Currency analysts have drawn attention to the yuan’s nominal rate against the China Foreign Exchange Trade System currency basket, which has now reached its lowest level in 2022. When considering the real effective exchange rate against another currency basket managed by the Bank for International Settlements, the yuan is currently at its lowest point since 2014. This observation has led experts to suggest that the yuan is undervalued in terms of its overall valuation.

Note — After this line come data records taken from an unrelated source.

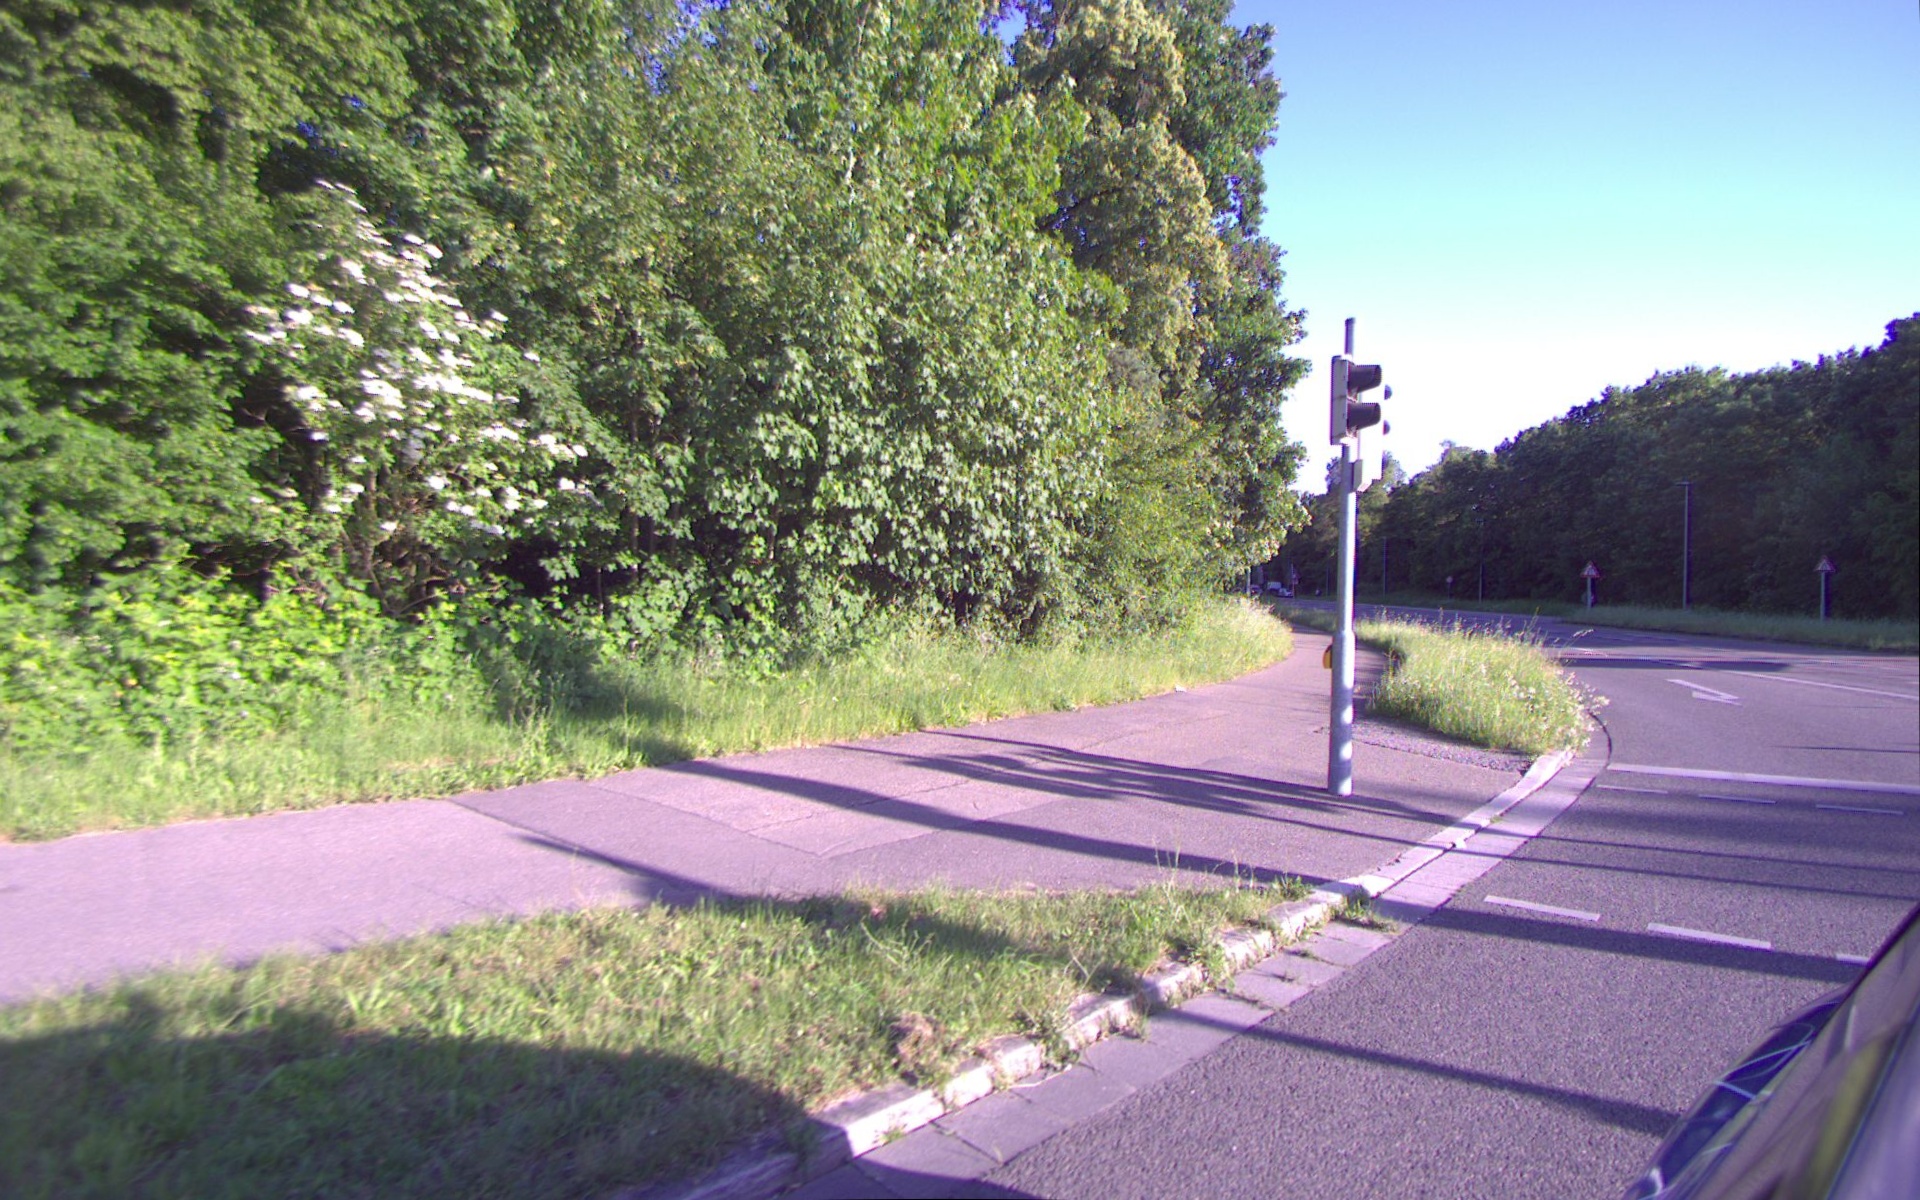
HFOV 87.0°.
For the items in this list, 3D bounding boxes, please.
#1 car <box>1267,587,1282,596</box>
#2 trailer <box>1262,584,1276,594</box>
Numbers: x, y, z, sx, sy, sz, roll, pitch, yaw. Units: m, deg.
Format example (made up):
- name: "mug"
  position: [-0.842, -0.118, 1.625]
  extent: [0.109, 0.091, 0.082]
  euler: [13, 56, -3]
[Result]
- name: "car"
  position: [54.164, -1.495, 174.361]
  extent: [1.884, 1.482, 4.003]
  euler: [2, 2, 9]
- name: "trailer"
  position: [54.868, -1.934, 179.925]
  extent: [1.778, 1.751, 3.639]
  euler: [2, 2, 9]

Despite the yuan’s depreciation, there is anticipation that the Chinese government’s economic stimulus measures could potentially bolster the currency. The unexpected rate cut announced earlier in the week by the central bank was interpreted as an early sign of forthcoming measures to support the economy. Interestingly, even in the face of indications from the U.S. Federal Reserve about potential rate hikes, the yuan managed to strengthen by 0.3% against the dollar, reaching a rate of 7.147 the previous day.
Market observers, like Trang Thuy Le, a foreign exchange strategist at Macquarie Group, believe that the key factors shaping the future trajectory of the yuan will be China’s stimulus efforts and the perceived value in the currency. Currently, the yuan’s trading range is limited to 2% around a daily midpoint set by the People’s Bank of China. Notably, Le has observed that the central bank appears to be more accepting of yuan depreciation rather than actively intervening to appreciate the currency through its daily rate fixes. This approach might be influenced by relatively stable currency markets and the gradual downward trend of the yuan.

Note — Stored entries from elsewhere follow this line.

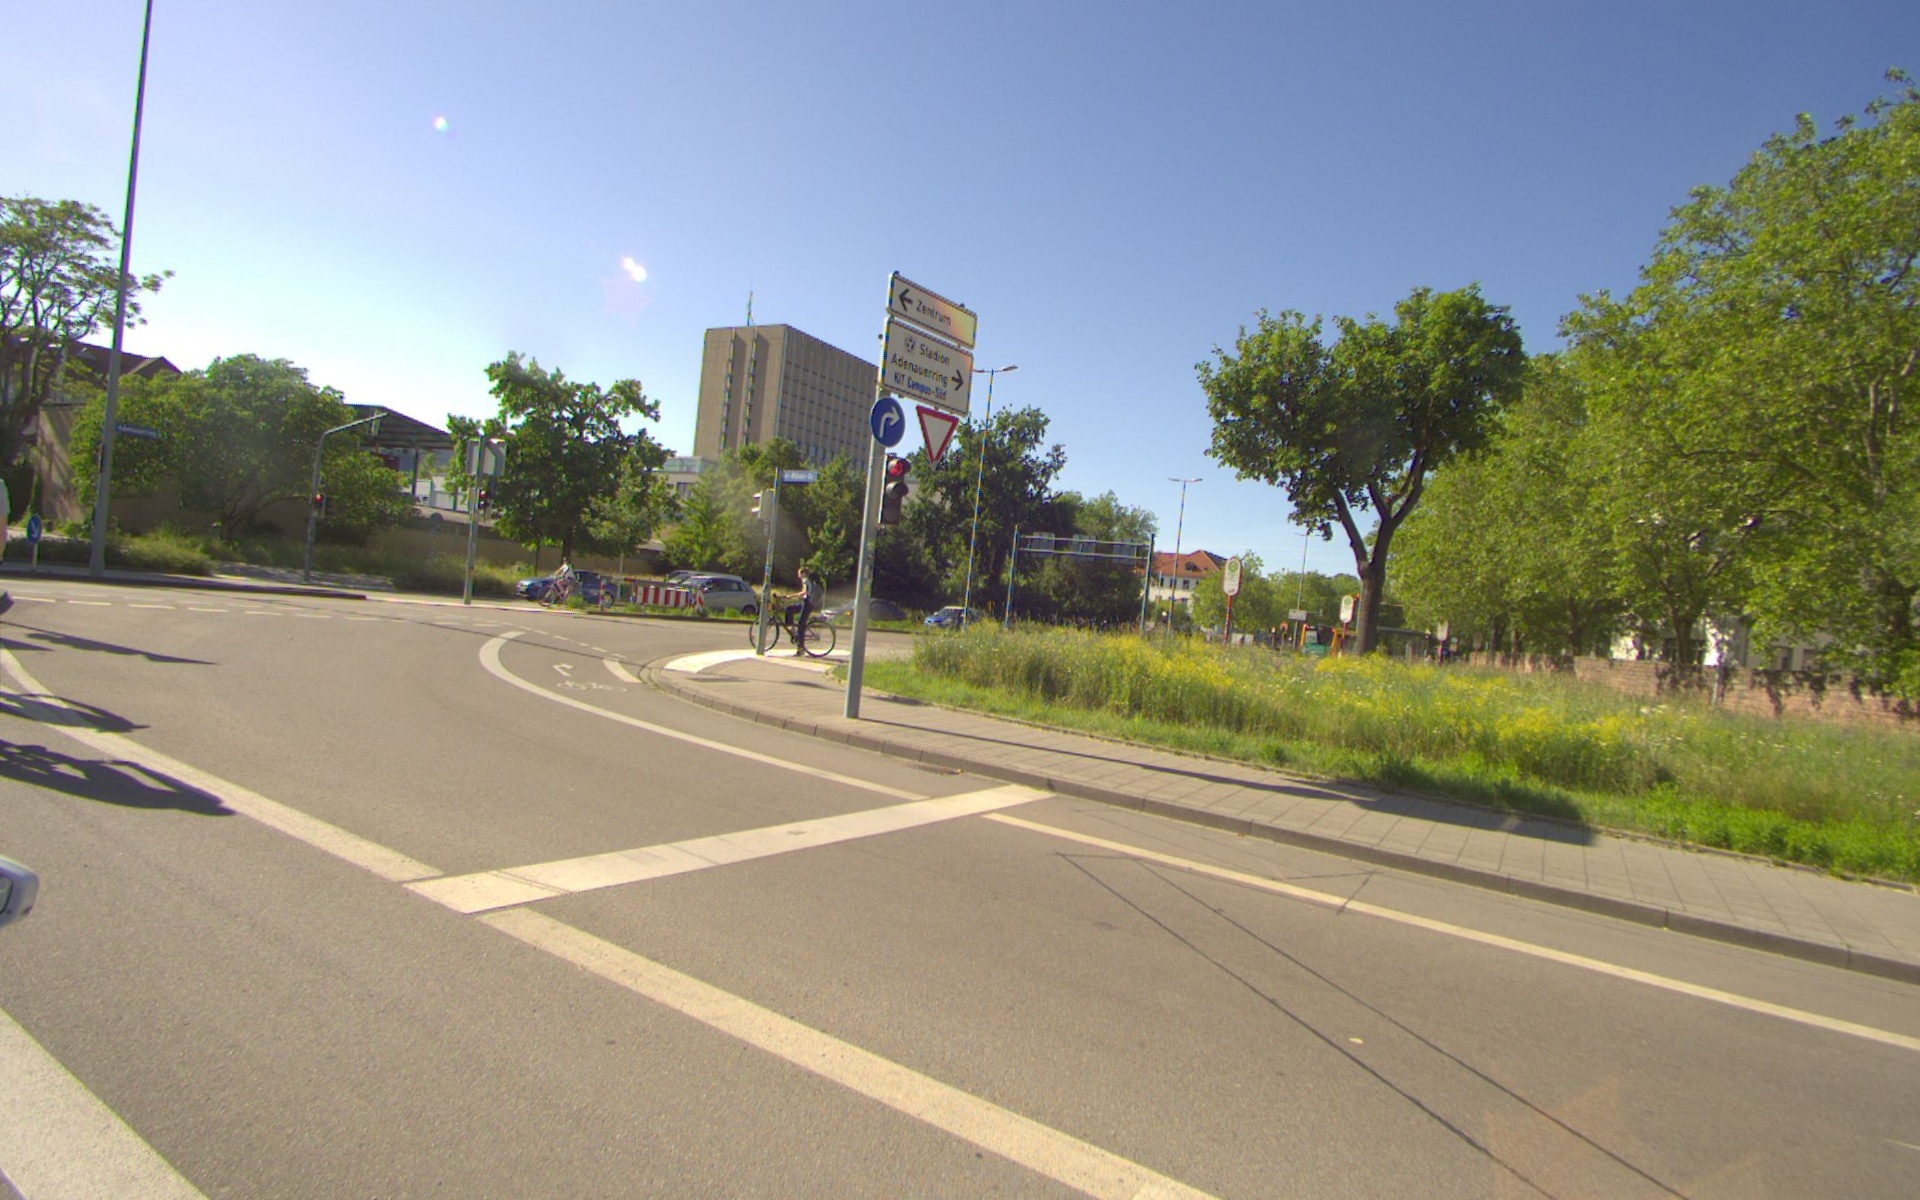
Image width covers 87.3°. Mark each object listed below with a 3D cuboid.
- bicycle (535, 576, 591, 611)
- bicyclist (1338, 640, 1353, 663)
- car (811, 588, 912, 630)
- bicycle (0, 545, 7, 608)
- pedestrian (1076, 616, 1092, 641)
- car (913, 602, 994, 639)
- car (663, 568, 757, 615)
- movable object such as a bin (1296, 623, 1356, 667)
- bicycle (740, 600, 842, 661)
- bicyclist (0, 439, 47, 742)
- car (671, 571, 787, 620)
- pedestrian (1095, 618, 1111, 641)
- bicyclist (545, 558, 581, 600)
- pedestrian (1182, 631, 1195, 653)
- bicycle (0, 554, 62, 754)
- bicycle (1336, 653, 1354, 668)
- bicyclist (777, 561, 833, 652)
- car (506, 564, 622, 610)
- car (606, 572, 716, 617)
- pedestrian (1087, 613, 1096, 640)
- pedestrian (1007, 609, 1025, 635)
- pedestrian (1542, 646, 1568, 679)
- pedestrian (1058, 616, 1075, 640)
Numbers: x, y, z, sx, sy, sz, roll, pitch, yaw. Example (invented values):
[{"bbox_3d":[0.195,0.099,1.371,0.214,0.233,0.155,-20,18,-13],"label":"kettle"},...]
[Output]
[{"bbox_3d":[-13.934,-0.229,35.361,0.602,1.046,1.681,7,0,37],"label":"bicycle"},{"bbox_3d":[27.030,3.637,70.547,0.509,1.548,1.067,7,2,39],"label":"bicyclist"},{"bbox_3d":[-4.307,0.432,44.632,1.767,1.415,4.557,7,0,37],"label":"car"},{"bbox_3d":[-8.188,0.023,7.753,1.890,1.102,0.690,6,-1,32],"label":"bicycle"},{"bbox_3d":[11.095,2.561,90.072,0.752,2.039,1.267,7,1,36],"label":"pedestrian"},{"bbox_3d":[-0.292,1.047,50.459,1.916,1.415,3.986,6,0,37],"label":"car"},{"bbox_3d":[-11.840,-0.370,47.798,1.767,1.771,3.986,7,0,37],"label":"car"},{"bbox_3d":[28.074,3.515,76.904,2.954,2.898,9.178,6,0,27],"label":"movable object such as a bin"},{"bbox_3d":[-3.289,0.590,19.679,1.856,0.970,0.635,7,1,-10],"label":"bicycle"},{"bbox_3d":[-6.318,-0.116,6.135,1.123,1.813,0.684,7,0,32],"label":"bicyclist"},{"bbox_3d":[-8.737,-0.133,38.291,1.767,1.415,3.986,7,0,37],"label":"car"},{"bbox_3d":[13.416,2.794,94.353,0.752,2.039,1.267,7,1,36],"label":"pedestrian"},{"bbox_3d":[-13.932,-0.725,35.284,0.602,1.360,0.874,7,1,37],"label":"bicyclist"},{"bbox_3d":[25.805,4.739,113.681,0.935,2.318,1.092,7,-1,24],"label":"pedestrian"},{"bbox_3d":[-6.313,0.234,6.114,1.890,1.102,0.690,6,-1,32],"label":"bicycle"},{"bbox_3d":[26.988,4.248,70.582,0.514,1.000,1.965,7,1,39],"label":"bicycle"},{"bbox_3d":[-3.035,0.123,19.707,0.898,1.667,0.630,6,1,-9],"label":"bicyclist"},{"bbox_3d":[-16.208,-0.528,41.320,1.767,1.415,3.986,7,0,37],"label":"car"},{"bbox_3d":[-12.297,-0.203,41.572,1.767,1.415,3.986,7,0,37],"label":"car"},{"bbox_3d":[12.409,2.515,94.774,0.401,2.451,0.467,6,-1,34],"label":"pedestrian"},{"bbox_3d":[4.647,1.827,83.823,0.752,2.039,1.267,7,1,36],"label":"pedestrian"},{"bbox_3d":[27.431,2.872,46.398,0.712,1.460,0.523,7,-1,2],"label":"pedestrian"},{"bbox_3d":[9.580,2.513,90.546,0.752,2.039,1.267,7,1,36],"label":"pedestrian"}]

The recent rate cut is seen as an indication that the central bank could potentially implement further easing measures in the coming weeks, aiming to address weakening demand and investor sentiment. Analysts from UBS note that the offshore yuan spot rate had already shown an upward trend prior to the rate cut announcement, suggesting that the market had already priced in this expectation. Furthermore, they predict that due to ongoing economic weaknesses and the potential for additional easing measures, the yuan is likely to face further losses against the dollar.
As of midday, the global dollar index strengthened to 103.271 from the previous close of 102.948. The offshore yuan traded at a rate 86 pips weaker than the onshore spot, at 7.184 per dollar. Looking ahead, the one-year forward value for the offshore yuan was estimated at 6.9713 per dollar, implying a potential appreciation of approximately 3.05% within the next 12 months.
In light of persistent concerns about the economic slowdown and the possibility of additional stimulus measures, market participants will closely monitor China’s monetary policies and their impact on the yuan’s exchange rate against the dollar. The future direction of the yuan will be influenced by these factors, as well as broader global economic conditions.